Again, is this correct? Very last bit
Since $\left| \frac{\partial f}{\partial r} \right| = 1$, ... I'm not quite sure I understand why is 1, could you explain?
I'm still reading through the rest of the proof it seems ok, but I'll potentially ask a different question.
Also just to clarify shouldn't the expression $$ \frac{dc}{dt} = \frac{\partial f}{\partial r} r'(t) + \frac{\partial f}{\partial t} $$ actually be $$ \frac{dc}{dt} = r'(t) \frac{\partial f}{\partial r} + \frac{\partial f}{\partial t} $$
Mostly because $r'(t)$ is considered an element of a scalar field, while $\frac{\partial f}{\partial r}$ is a vector.
Thank you
In the following, we will consider $c$ as smooth as possible everywhere, so everything is well defined.
As $\exp_p : U_p \to \exp_p(U_p) \subset M$ is a diffeomorphism, if $c : [0,1] \to \exp_p(U_p)$ is a smooth curve, there exist a unique curve $\tilde{c} : [0,1] \to U_p$ such that $$ \forall t \in [0,1],~ c(t) = \exp_p(\tilde{c}(t)). $$ Now, as $\tilde{c}$ is a path in $U_p \subset T_pM$, by polar decomposition, one can write $\tilde{c}(t) = r(t) \cdot v(t)$ where $r(t) \geqslant 0$ and $\|v(t)\|_{g_p} = 1$. The author seems to chose a little-bit complicated notation, but it is clear that he uses polar decomposition.
Now, write $c(t) = \exp_p(r(t)\cdot v(t)) = f(r(t),t)$, where $f$ is the function $f(r,t) = \exp_p(rv(t))$ when $r$ is considered as a variable.

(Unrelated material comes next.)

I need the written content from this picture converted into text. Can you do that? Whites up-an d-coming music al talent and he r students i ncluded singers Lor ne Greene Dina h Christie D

Then $$ c'(t) = \left.\frac{\mathrm{d}}{\mathrm{d}s}\right|_{s=0}f(r(t+s),t+s),$$ and using the right-way the chain-rule says $$ c'(t) = \mathrm{d}f(r(t),t)\cdot( r'(t),1), $$ where $(r'(t),1)$ is the tangent vector to the curve $s\mapsto (r(s),s)$ at $s=t$. Hence, by the very definition of partial derivatives in differential geometry: $$ c'(t) = \dfrac{\partial f}{\partial r}(r(t),t) \cdot \left(r'(t),0 \right) + \frac{\partial f}{\partial t}(r(t),t) \cdot (0,1), $$ which we write for the sake of compactness $c'(t) = \frac{\partial f}{\partial r}\cdot r'(t) + \frac{\partial f}{\partial t} $. We put the $r'(t)$ at the right because we think of $r'(t)$ as a vector, tangent to the curve $s \mapsto r(s)$. Indeed, $r'(t)$ is just a scalar because $r$ takes value in an interval, so you can move it to the left. Basically, you can do whatever you want with these kind of expressions if you know exactly what are the objects.

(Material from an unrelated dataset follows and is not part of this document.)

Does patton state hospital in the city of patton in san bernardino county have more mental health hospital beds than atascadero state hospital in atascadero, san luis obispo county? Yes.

Now, recall the general Gauss lemma:
Looking closely to $f(r,t) = \exp_p(r\times v(t))$, we find that \begin{align} \frac{\partial f}{\partial r}(r,t) &= \mathrm{d}\exp_p(r\times v(t))\cdot v(t) ,\\ \frac{\partial f}{\partial t}(r,t) &= \mathrm{d}\exp_p(r\times v(t))\cdot r\times v'(t). \end{align} Hence, by the Gauss lemma, we have $$ g_{\exp_p(rv(t))}\left(\frac{\partial f}{\partial r}(r,t),\frac{\partial f}{\partial t}(r,t) \right) = g_p(v(t),r\times v'(t)) = rg_p(v(t),v'(t)). $$ As $t \mapsto v(t)$ is a curve that lies on the unit sphere, $v'(t)$ is orthogonal to $v(t)$, and then, the above scalar product is equal to zero.

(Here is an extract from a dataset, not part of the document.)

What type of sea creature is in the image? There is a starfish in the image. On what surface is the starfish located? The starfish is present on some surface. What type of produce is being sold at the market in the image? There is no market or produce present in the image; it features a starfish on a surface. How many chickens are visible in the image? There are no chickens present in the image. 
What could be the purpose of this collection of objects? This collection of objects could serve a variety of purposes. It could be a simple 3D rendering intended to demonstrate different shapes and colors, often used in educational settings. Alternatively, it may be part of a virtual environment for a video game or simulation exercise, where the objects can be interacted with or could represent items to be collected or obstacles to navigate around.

Finally, note that the function $f(\cdot,t) : r \mapsto \exp_p(r\times v(t))$ is actually a geodesic. Hence, all its tangent vectors have the same length. At $r=0$, the tengent vector is $v(t)$, which is of length $1$ by definition of polar decomposition. At $r >0$, the tangent vector to the curve is $\partial f /\partial r$. We can conclude that $\left\|\frac{\partial f}{\partial r}\right\| = 1$.
Comment. The function $f$ is defined so that we can write the equation $c'(t) = \frac{\partial f}{\partial r}\cdot r'(t) + \frac{\partial f}{\partial t} $, which tells us, together with the fact that the partial derivatives of $f$ are orthogonal, that we have a natural decomposition of $c'(t)$ into a radial component ($\partial_rf \cdot r'$) and a component orthogonal to geodesic spheres ($\partial_t f)$.